- Supplied material:

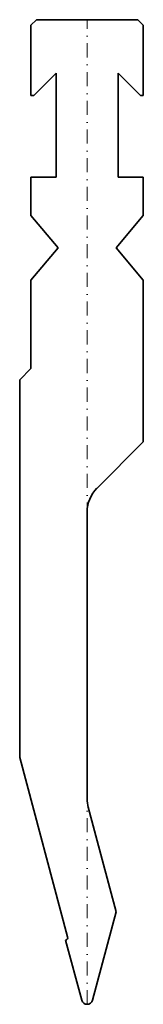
# Model space of a CAD drawing. Header units: millimetres. Extents: x -12 to 10, y 0 to 175.
import ezdxf

# ---------------------------------------------------------------- set-up
doc = ezdxf.new("R2010")
doc.units = ezdxf.units.MM
doc.header["$LTSCALE"] = 5
doc.linetypes.add('AUSGEZOGEN', pattern=[0])
doc.linetypes.add('DASHDOT', pattern=[1, 0.5, -0.25, 0, -0.25])
doc.layers.add('2', color=7, linetype='Continuous')

msp = doc.modelspace()

# ---------------------------------------------------------------- linework, layer by layer
at = {"layer": '2', "color": 7, "linetype": 'AUSGEZOGEN', "lineweight": 35}
for p, q in [((-10, 174), (-9, 175)), ((-10, 161.5), (-10, 174)), ((-9, 175), (9, 175)), ((9, 175), (10, 174)), ((10, 174), (10, 161.5)), ((-5.5, 165.5), (-9.5, 161.5)), ((-5.5, 147), (-5.5, 165.5)), ((9.5, 161.5), (5.5, 165.5)), ((5.5, 165.5), (5.5, 147)), ((-9.5, 161.5), (-10, 161.5)), ((10, 161.5), (9.5, 161.5)), ((-10, 140.2), (-10, 147)), ((-10, 147), (-5.5, 147)), ((5.5, 147), (10, 147)), ((10, 147), (10, 140.2)), ((-5.18, 134.45), (-10, 140.2)), ((10, 140.2), (5.18, 134.45)), ((-10, 128.7), (-5.18, 134.45)), ((5.18, 134.45), (10, 128.7)), ((-10, 113), (-10, 128.7)), ((10, 128.7), (10, 100)), ((-12, 111), (-10, 113)), ((-12, 43.85), (-12, 111)), ((10, 100), (1.76, 91.76)), ((0, 87.51), (0, 36.56)), ((-3.47, 12.01), (-12, 43.85)), ((0.2, 35.01), (5.18, 16.45)), ((5.18, 16.45), (0.97, 0.74)), ((-0.97, 0.74), (-3.82, 11.4))]:
    msp.add_line(p, q, dxfattribs=at)
at = {"layer": '2', "color": 7, "linetype": 'DASHDOT', "lineweight": 18}
msp.add_line((0, 0), (0, 175), dxfattribs=at)
at = {"layer": '2', "color": 7, "linetype": 'AUSGEZOGEN', "lineweight": 35}
for centre, radius, start, end in [((6, 87.51), 6, 135, 180), ((6, 36.56), 6, 180, 195), ((-3.95, 11.88), 0.5, 285, 15), ((0, 1), 1, 195, 345)]:
    msp.add_arc(centre, radius, start, end, dxfattribs=at)

doc.saveas('drawing.dxf')

- Goal of the exercise: For each line above, output its wording exactly and leave out any picture.

- Expected answer:
# Model space of a CAD drawing. Header units: millimetres. Extents: x -12 to 10, y 0 to 175.
import ezdxf

# ---------------------------------------------------------------- set-up
doc = ezdxf.new("R2010")
doc.units = ezdxf.units.MM
doc.header["$LTSCALE"] = 5
doc.linetypes.add('AUSGEZOGEN', pattern=[0])
doc.linetypes.add('DASHDOT', pattern=[1, 0.5, -0.25, 0, -0.25])
doc.layers.add('2', color=7, linetype='Continuous')

msp = doc.modelspace()

# ---------------------------------------------------------------- linework, layer by layer
at = {"layer": '2', "color": 7, "linetype": 'AUSGEZOGEN', "lineweight": 35}
for p, q in [((-10, 174), (-9, 175)), ((-10, 161.5), (-10, 174)), ((-9, 175), (9, 175)), ((9, 175), (10, 174)), ((10, 174), (10, 161.5)), ((-5.5, 165.5), (-9.5, 161.5)), ((-5.5, 147), (-5.5, 165.5)), ((9.5, 161.5), (5.5, 165.5)), ((5.5, 165.5), (5.5, 147)), ((-9.5, 161.5), (-10, 161.5)), ((10, 161.5), (9.5, 161.5)), ((-10, 140.2), (-10, 147)), ((-10, 147), (-5.5, 147)), ((5.5, 147), (10, 147)), ((10, 147), (10, 140.2)), ((-5.18, 134.45), (-10, 140.2)), ((10, 140.2), (5.18, 134.45)), ((-10, 128.7), (-5.18, 134.45)), ((5.18, 134.45), (10, 128.7)), ((-10, 113), (-10, 128.7)), ((10, 128.7), (10, 100)), ((-12, 111), (-10, 113)), ((-12, 43.85), (-12, 111)), ((10, 100), (1.76, 91.76)), ((0, 87.51), (0, 36.56)), ((-3.47, 12.01), (-12, 43.85)), ((0.2, 35.01), (5.18, 16.45)), ((5.18, 16.45), (0.97, 0.74)), ((-0.97, 0.74), (-3.82, 11.4))]:
    msp.add_line(p, q, dxfattribs=at)
at = {"layer": '2', "color": 7, "linetype": 'DASHDOT', "lineweight": 18}
msp.add_line((0, 0), (0, 175), dxfattribs=at)
at = {"layer": '2', "color": 7, "linetype": 'AUSGEZOGEN', "lineweight": 35}
for centre, radius, start, end in [((6, 87.51), 6, 135, 180), ((6, 36.56), 6, 180, 195), ((-3.95, 11.88), 0.5, 285, 15), ((0, 1), 1, 195, 345)]:
    msp.add_arc(centre, radius, start, end, dxfattribs=at)

doc.saveas('drawing.dxf')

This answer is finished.